▶ [Work required]
Give only the number of lines in the records that include the string "PANASONIC".

▶ [Records supplied]

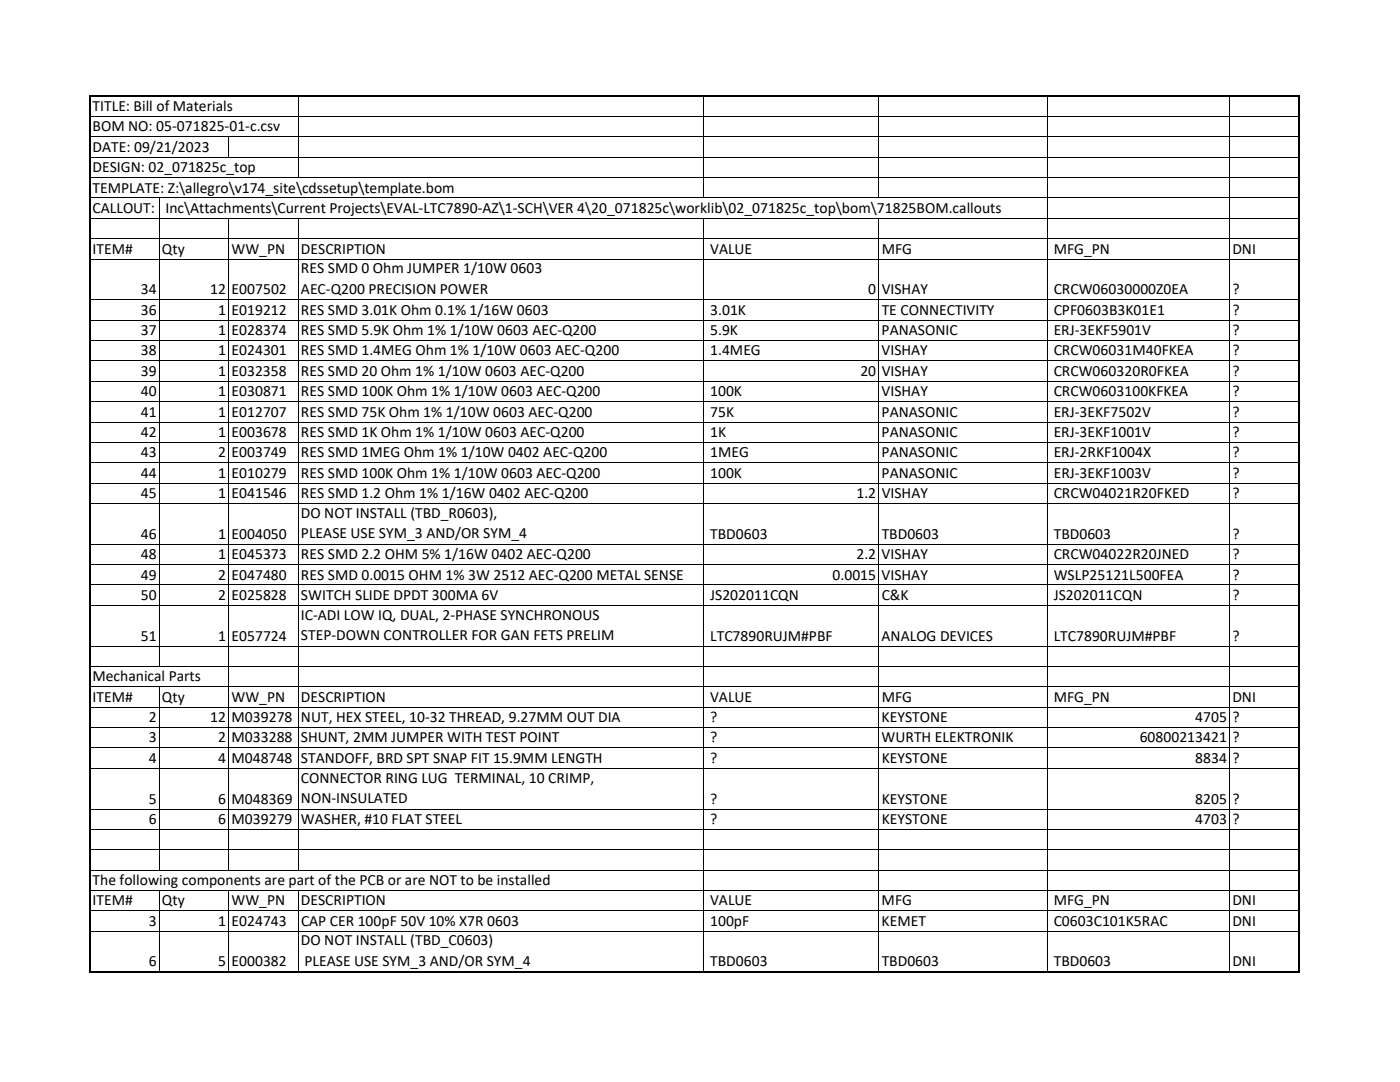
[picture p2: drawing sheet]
<svg xmlns="http://www.w3.org/2000/svg" width="279mm" height="216mm" viewBox="0 0 279 216" stroke-linecap="round" stroke-linejoin="round" font-family="sans-serif">
<defs><g id="words">
<g font-size="3.1">
<text x="18.5" y="22.2">TITLE: Bill of Materials</text>
<text x="18.5" y="26.2">BOM NO: 05‐071825‐01‐c.csv</text>
<text x="18.5" y="34.4">DESIGN: 02_071825c_top</text>
<text x="18.5" y="30.3">DATE: 09/21/2023</text>
<text x="18.5" y="38.4">TEMPLATE: Z:\allegro\v174_site\cdssetup\template.bom</text>
<text x="18.5" y="42.5">CALLOUT:</text>
<text x="33" y="42.5">Inc\Attachments\Current Projects\EVAL‐LTC7890‐AZ\1‐SCH\VER 4\20_071825c\worklib\02_071825c_top\bom\71825BOM.callouts</text>
<text x="18.5" y="50.6">ITEM#</text>
<text x="32.3" y="50.6">Qty</text>
<text x="46.2" y="50.6">WW_PN</text>
<text x="60.1" y="50.6">DESCRIPTION</text>
<text x="141.7" y="50.6">VALUE</text>
<text x="176" y="50.6">MFG</text>
<text x="210.3" y="50.6">MFG_PN</text>
<text x="245.9" y="50.6">DNI</text>
<text x="28.1" y="58.7">34</text>
<text x="42" y="58.7">12 E007502</text>
<text x="60.1" y="58.6">AEC‐Q200 PRECISION POWER</text>
<text x="60.1" y="54.5">RES SMD 0 Ohm JUMPER 1/10W 0603</text>
<text x="173.3" y="58.7">0 VISHAY</text>
<text x="210.3" y="58.7">CRCW06030000Z0EA</text>
<text x="246" y="58.7">?</text>
<text x="28.1" y="62.8">36</text>
<text x="43.5" y="62.8">1 E019212</text>
<text x="60.1" y="62.8">RES SMD 3.01K Ohm 0.1% 1/16W 0603</text>
<text x="141.7" y="62.8">3.01K</text>
<text x="176" y="62.8">TE CONNECTIVITY</text>
<text x="210.3" y="62.8">CPF0603B3K01E1</text>
<text x="246" y="62.8">?</text>
<text x="28.1" y="70.9">38</text>
<text x="28.1" y="66.9">37</text>
<text x="43.5" y="66.9">1 E028374</text>
<text x="43.5" y="70.9">1 E024301</text>
<text x="60.1" y="66.9">RES SMD 5.9K Ohm 1% 1/10W 0603 AEC‐Q200</text>
<text x="60.1" y="70.9">RES SMD 1.4MEG Ohm 1% 1/10W 0603 AEC‐Q200</text>
<text x="141.7" y="70.9">1.4MEG</text>
<text x="141.7" y="66.9">5.9K</text>
<text x="175.9" y="66.9">PANASONIC</text>
<text x="175.9" y="70.9">VISHAY</text>
<text x="210.3" y="70.9">CRCW06031M40FKEA</text>
<text x="210.3" y="66.9">ERJ‐3EKF5901V</text>
<text x="246" y="66.9">?</text>
<text x="246" y="70.9">?</text>
<text x="28.1" y="75">39</text>
<text x="43.5" y="75">1 E032358</text>
<text x="60.1" y="75">RES SMD 20 Ohm 1% 1/10W 0603 AEC‐Q200</text>
<text x="171.7" y="75">20 VISHAY</text>
<text x="210.3" y="75">CRCW060320R0FKEA</text>
<text x="246" y="75">?</text>
<text x="28.1" y="83.1">41</text>
<text x="28.1" y="79.1">40</text>
<text x="43.5" y="83.1">1 E012707</text>
<text x="43.5" y="79.1">1 E030871</text>
<text x="60.1" y="83.1">RES SMD 75K Ohm 1% 1/10W 0603 AEC‐Q200</text>
<text x="60.1" y="79.1">RES SMD 100K Ohm 1% 1/10W 0603 AEC‐Q200</text>
<text x="141.7" y="83.1">75K</text>
<text x="141.7" y="79.1">100K</text>
<text x="175.9" y="83.1">PANASONIC</text>
<text x="176" y="79.1">VISHAY</text>
<text x="210.3" y="83.1">ERJ‐3EKF7502V</text>
<text x="210.3" y="79.1">CRCW0603100KFKEA</text>
<text x="246" y="83.1">?</text>
<text x="246" y="79.1">?</text>
<text x="28.1" y="87.2">42</text>
<text x="43.5" y="87.2">1 E003678</text>
<text x="60.1" y="87.2">RES SMD 1K Ohm 1% 1/10W 0603 AEC‐Q200</text>
<text x="141.7" y="87.2">1K</text>
<text x="175.9" y="87.2">PANASONIC</text>
<text x="210.3" y="87.2">ERJ‐3EKF1001V</text>
<text x="246" y="87.2">?</text>
<text x="28.1" y="95.3">44</text>
<text x="28.1" y="91.2">43</text>
<text x="43.5" y="95.3">1 E010279</text>
<text x="43.5" y="91.2">2 E003749</text>
<text x="60.1" y="95.3">RES SMD 100K Ohm 1% 1/10W 0603 AEC‐Q200</text>
<text x="60.1" y="91.2">RES SMD 1MEG Ohm 1% 1/10W 0402 AEC‐Q200</text>
<text x="141.7" y="91.2">1MEG</text>
<text x="141.7" y="95.3">100K</text>
<text x="175.9" y="91.2">PANASONIC</text>
<text x="175.9" y="95.3">PANASONIC</text>
<text x="210.3" y="91.2">ERJ‐2RKF1004X</text>
<text x="210.3" y="95.3">ERJ‐3EKF1003V</text>
<text x="246" y="95.3">?</text>
<text x="246" y="91.2">?</text>
<text x="28.1" y="99.4">45</text>
<text x="43.5" y="99.4">1 E041546</text>
<text x="60.1" y="99.4">RES SMD 1.2 Ohm 1% 1/16W 0402 AEC‐Q200</text>
<text x="170.9" y="99.4">1.2 VISHAY</text>
<text x="210.3" y="99.4">CRCW04021R20FKED</text>
<text x="246" y="99.4">?</text>
<text x="28.1" y="107.5">46</text>
<text x="43.5" y="107.5">1 E004050</text>
<text x="60.1" y="107.4">PLEASE USE SYM_3 AND/OR SYM_4</text>
<text x="60.1" y="103.3">DO NOT INSTALL (TBD_R0603),</text>
<text x="141.7" y="107.5">TBD0603</text>
<text x="176" y="107.5">TBD0603</text>
<text x="210.3" y="107.5">TBD0603</text>
<text x="246" y="107.5">?</text>
<text x="28.1" y="111.6">48</text>
<text x="43.5" y="111.6">1 E045373</text>
<text x="60.1" y="111.6">RES SMD 2.2 OHM 5% 1/16W 0402 AEC‐Q200</text>
<text x="170.9" y="111.6">2.2 VISHAY</text>
<text x="210.3" y="111.6">CRCW04022R20JNED</text>
<text x="246" y="111.6">?</text>
<text x="28.1" y="115.6">49</text>
<text x="28.1" y="119.7">50</text>
<text x="43.5" y="115.6">2 E047480</text>
<text x="43.5" y="119.7">2 E025828</text>
<text x="60.1" y="119.7">SWITCH SLIDE DPDT 300MA 6V</text>
<text x="60.1" y="115.6">RES SMD 0.0015 OHM 1% 3W 2512 AEC‐Q200 METAL SENSE</text>
<text x="141.7" y="119.7">JS202011CQN</text>
<text x="166.1" y="115.6">0.0015 VISHAY</text>
<text x="176" y="119.7">C&amp;K</text>
<text x="210.3" y="115.6">WSLP25121L500FEA</text>
<text x="210.3" y="119.7">JS202011CQN</text>
<text x="246" y="115.6">?</text>
<text x="246" y="119.7">?</text>
<text x="60.1" y="123.6">IC‐ADI LOW IQ, DUAL, 2‐PHASE SYNCHRONOUS</text>
<text x="28.1" y="127.8">51</text>
<text x="43.5" y="127.8">1 E057724</text>
<text x="60.1" y="127.7">STEP‐DOWN CONTROLLER FOR GAN FETS PRELIM</text>
<text x="141.7" y="127.8">LTC7890RUJM#PBF</text>
<text x="175.9" y="127.8">ANALOG DEVICES</text>
<text x="210.3" y="127.8">LTC7890RUJM#PBF</text>
<text x="246" y="127.8">?</text>
<text x="18.5" y="136">Mechanical Parts</text>
<text x="18.5" y="140">ITEM#</text>
<text x="32.3" y="140">Qty</text>
<text x="46.2" y="140">WW_PN</text>
<text x="60.1" y="140">DESCRIPTION</text>
<text x="141.7" y="140">VALUE</text>
<text x="176" y="140">MFG</text>
<text x="210.3" y="140">MFG_PN</text>
<text x="245.9" y="140">DNI</text>
<text x="29.7" y="148.1">3</text>
<text x="29.7" y="144.1">2</text>
<text x="42" y="144.1">12 M039278 NUT, HEX STEEL, 10‐32 THREAD, 9.27MM OUT DIA</text>
<text x="43.5" y="148.1">2 M033288 SHUNT, 2MM JUMPER WITH TEST POINT</text>
<text x="141.7" y="148.1">?</text>
<text x="141.7" y="144.1">?</text>
<text x="176" y="148.1">WURTH ELEKTRONIK</text>
<text x="176" y="144.1">KEYSTONE</text>
<text x="227.5" y="148.1">60800213421 ?</text>
<text x="238.5" y="144.1">4705 ?</text>
<text x="29.7" y="152.2">4</text>
<text x="43.5" y="152.2">4 M048748 STANDOFF, BRD SPT SNAP FIT 15.9MM LENGTH</text>
<text x="141.7" y="152.2">?</text>
<text x="176" y="152.2">KEYSTONE</text>
<text x="238.5" y="152.2">8834 ?</text>
<text x="29.7" y="160.3">5</text>
<text x="43.5" y="160.3">6 M048369</text>
<text x="60.1" y="160.2">NON‐INSULATED</text>
<text x="60.1" y="156.1">CONNECTOR RING LUG TERMINAL, 10 CRIMP,</text>
<text x="141.7" y="160.3">?</text>
<text x="176" y="160.3">KEYSTONE</text>
<text x="238.5" y="160.3">8205 ?</text>
<text x="29.7" y="164.4">6</text>
<text x="43.5" y="164.4">6 M039279 WASHER, #10 FLAT STEEL</text>
<text x="141.7" y="164.4">?</text>
<text x="176" y="164.4">KEYSTONE</text>
<text x="238.5" y="164.4">4703 ?</text>
<text x="18.5" y="176.6">The following components are part of the PCB or are NOT to be installed</text>
<text x="18.5" y="180.7">ITEM#</text>
<text x="29.7" y="184.7">3</text>
<text x="32.3" y="180.7">Qty</text>
<text x="43.5" y="184.7">1 E024743</text>
<text x="46.2" y="180.7">WW_PN</text>
<text x="60.1" y="180.7">DESCRIPTION</text>
<text x="60.1" y="184.7">CAP CER 100pF 50V 10% X7R 0603</text>
<text x="141.7" y="184.7">100pF</text>
<text x="141.7" y="180.7">VALUE</text>
<text x="176" y="184.7">KEMET</text>
<text x="176" y="180.7">MFG</text>
<text x="210.3" y="184.7">C0603C101K5RAC</text>
<text x="210.3" y="180.7">MFG_PN</text>
<text x="245.9" y="180.7">DNI</text>
<text x="246" y="184.7">DNI</text>
<text x="60.1" y="188.7">DO NOT INSTALL (TBD_C0603)</text>
<text x="29.7" y="192.8">6</text>
<text x="43.5" y="192.8">5 E000382</text>
<text x="60.8" y="192.7">PLEASE USE SYM_3 AND/OR SYM_4</text>
<text x="141.7" y="192.8">TBD0603</text>
<text x="176" y="192.8">TBD0603</text>
<text x="210.3" y="192.8">TBD0603</text>
<text x="246" y="192.8">DNI</text>
</g>
</g></defs>
<g fill="none" stroke="#000" stroke-width=".2">
<path d="M59.5 19.3v16.2M140.5 19.3v20.2M175.4 19.3v20.2M209.1 19.3v32.4M245.4 19.3v32.4M259.3 19.3v32.4h-241.2M18.1 23.3h241.2M18.1 27.3h241.2M18.1 31.4h241.2M18.1 35.4h241.2M18.1 39.5h241.2M31.8 39.5v12.2"/>
<path d="M45.7 27.3v4.1M18.1 43.6h241.2M18.1 47.6h241.2M18.1 59.8h241.2M31.8 51.8v81.2M45.7 43.6v8.1M45.7 51.8v121.8M59.5 43.6v8.1M59.5 51.8v121.8M140.5 43.6v8.1M140.5 51.8v142.2M175.4 43.6v8.1"/>
<path d="M175.4 51.8v142.2M209.1 51.8v142.2M245.4 51.8v142.2M259.3 51.8v142.2l-241.2-.1M18.1 63.9h241.2M18.1 68h241.2M18.1 72h241.2M18.1 76.1h241.2M18.1 80.1h241.2M18.1 84.2h241.2M18.1 88.3h241.2M18.1 92.3h241.2"/>
<path d="M18.1 96.4h241.2M18.1 100.5h241.2M18.1 108.6h241.2M18.1 112.7h241.2M18.1 116.7h241.2M18.1 120.8h241.2M18.1 128.9h241.2M18.1 133h241.2M18.1 137h241.2M31.8 137.1v36.5M18.1 141.1h241.2M18.1 145.2h241.2"/>
<path d="M18.1 149.2h241.2M18.1 153.3h241.2M18.1 161.4h241.2M18.1 165.5h241.2M18.1 169.6h241.2M18.1 173.6h241.2M18.1 177.7h241.2M31.8 177.7v16.3M45.7 177.7v16.3M59.5 177.7v16.3M18.1 181.7h241.2M18.1 185.8h241.2"/>
</g>
<path d="M17.8 19.2h241.6M17.9 19v175.1M259.3 19v175.1M17.8 193.9h241.6" fill="none" stroke="#000" stroke-width=".28"/>
<use href="#words"/>
</svg>

▶ [Exercise response]
5